I prefer strategic spots with a lot of people. Usually shopping streets such as Veldstraat in Ghent and Meir in Antwerp.

What is your favorite song to play?

That would be “I Want You Back” by Jackson 5. I play it to warm up the crowd and then I play a song I wrote myself.

What is the value of street musicians? What does it mean to you?

Music buskers can be pleasant surprises when you’re shopping or when you’re on your way to school or work. Street music has its own charm. You can’t compare it to a stage performance. I get a kick out of street music. I enjoy it when I manage to make people stop and when they form a circle.

Who is your inspiration? If you could choose one artist, dead or alive, to collaborate with, who would it be?
KT Tunstall, a woman with balls.

Joni Sheila 2

Awesome picture right?! If you want to know more about Joni, check out her facebookpage here.

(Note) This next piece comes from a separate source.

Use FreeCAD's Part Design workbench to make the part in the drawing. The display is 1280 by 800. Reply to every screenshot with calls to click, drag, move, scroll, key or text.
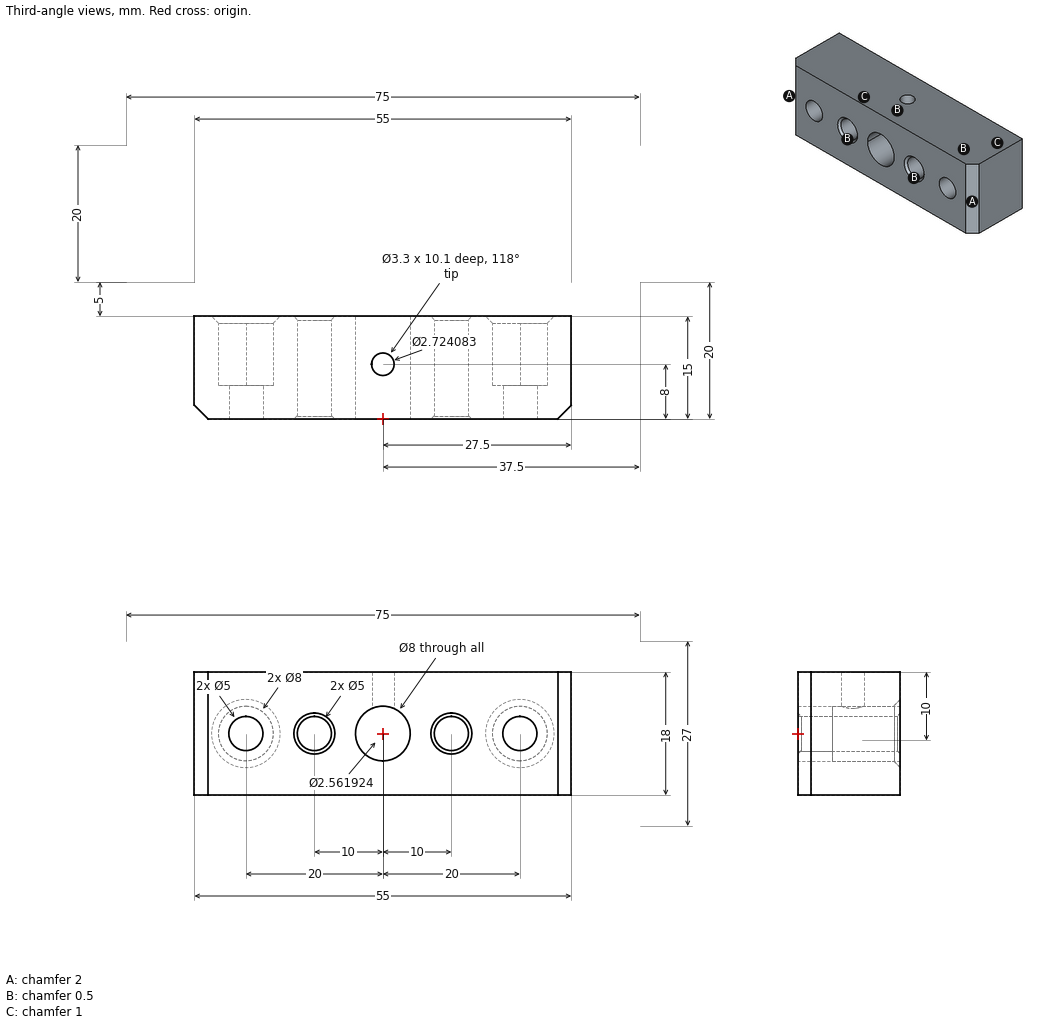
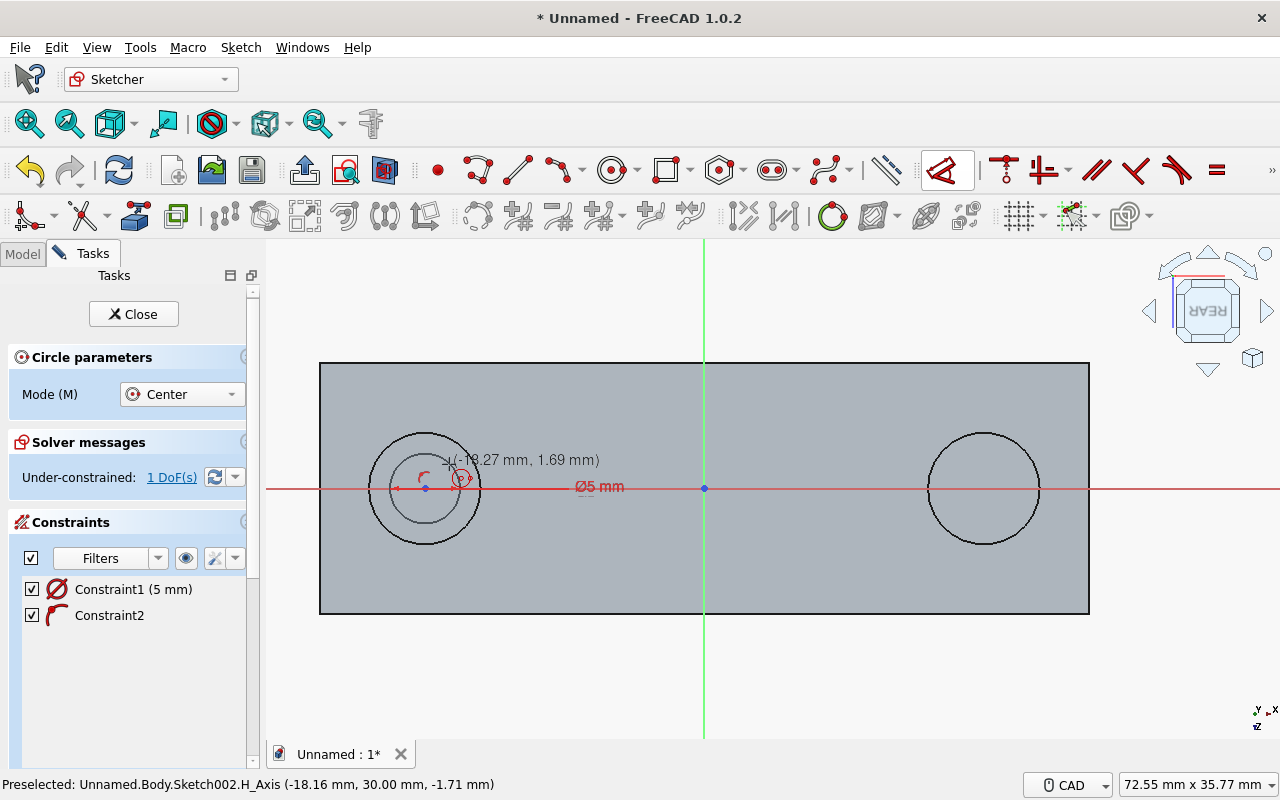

She often announces when she will be hitting the streets, so hopefully you’ll be able to catch her playing sometime!

As always, don’t hesitate to let us know what you think. Thanks for reading!

Until next time,
Sidewalk Sounds

Performer Profile – Ruben Bertrands

Hey guys!

Just a short while ago, we posted the profile of BLOW. If you haven’t read it, you can check it out here. We were so happy for them when they announced on their facebookpage that they were selected by Mauro Pawlowski for De Nieuwe Lichting on radio station Studio Brussel.

This week, we have a totally different street artist for you. And that is an awesome thing, because diversity is what makes the sidewalk such an interesting stage! We want to give you a complete overview of the talent on our streets. With bands like BLOW who are quickly making a name for themselves, but also with people like our next artist, Ruben Bertrands, someone who doesn’t have a facebook-fanpage (yet?) and who from time to time turns to the streets wanting to express himself through his music. We asked him our set of questions, continue reading to see what his answers were!

Ruben 2

Why are you playing on the streets?

My reason for playing on the streets is pretty simple: whenever i’m broke or could use a quick cash injection, i go play on the street. It’s also a very fun way of traveling across the country; you hitchhike to another city, play for an hour, drink a coffee, stroll around, and then you come back a few euros richer.

Do you remember your first time playing on the streets? What convinced you to do that?

The first time I ever played on the streets was in Brussels, near the Grote markt. After a few months of playing the harmonica, I felt an urge to play for other people. I bought a hat at a second hand store, put it on the ground and just started playing. I remember playing for a while, and seeing people pass without throwing anything in my hat. I asked directions to the train station, feeling that this wasn’t my thing. A man heard me asking directions, and stopped me. He said ‘don’t give up playing’ and gave me 2 euros. I haven’t stopped ever since.

What is your favorite location to play at?

My favorite location is still that same spot on the Grote Markt, maybe because it’s the first place someone ever gave me some money for playing the harmonica. Besides the obvious romantic nostalgia associated with that spot, it’s also a place where many tourists pass. Sometimes I go to Hasselt, sometimes Antwerp. But it really doesn’t matter, home is where your hat is.

What is your favorite song to play?

“Heart of Gold” by Neil Young because it’s the favorite song of a friend of mine that passed away. “Also You Gotta move” by Mississipi John Hurt because it’s the first real blues song I learned to play.

What is the value of street musicians? What does it mean to you?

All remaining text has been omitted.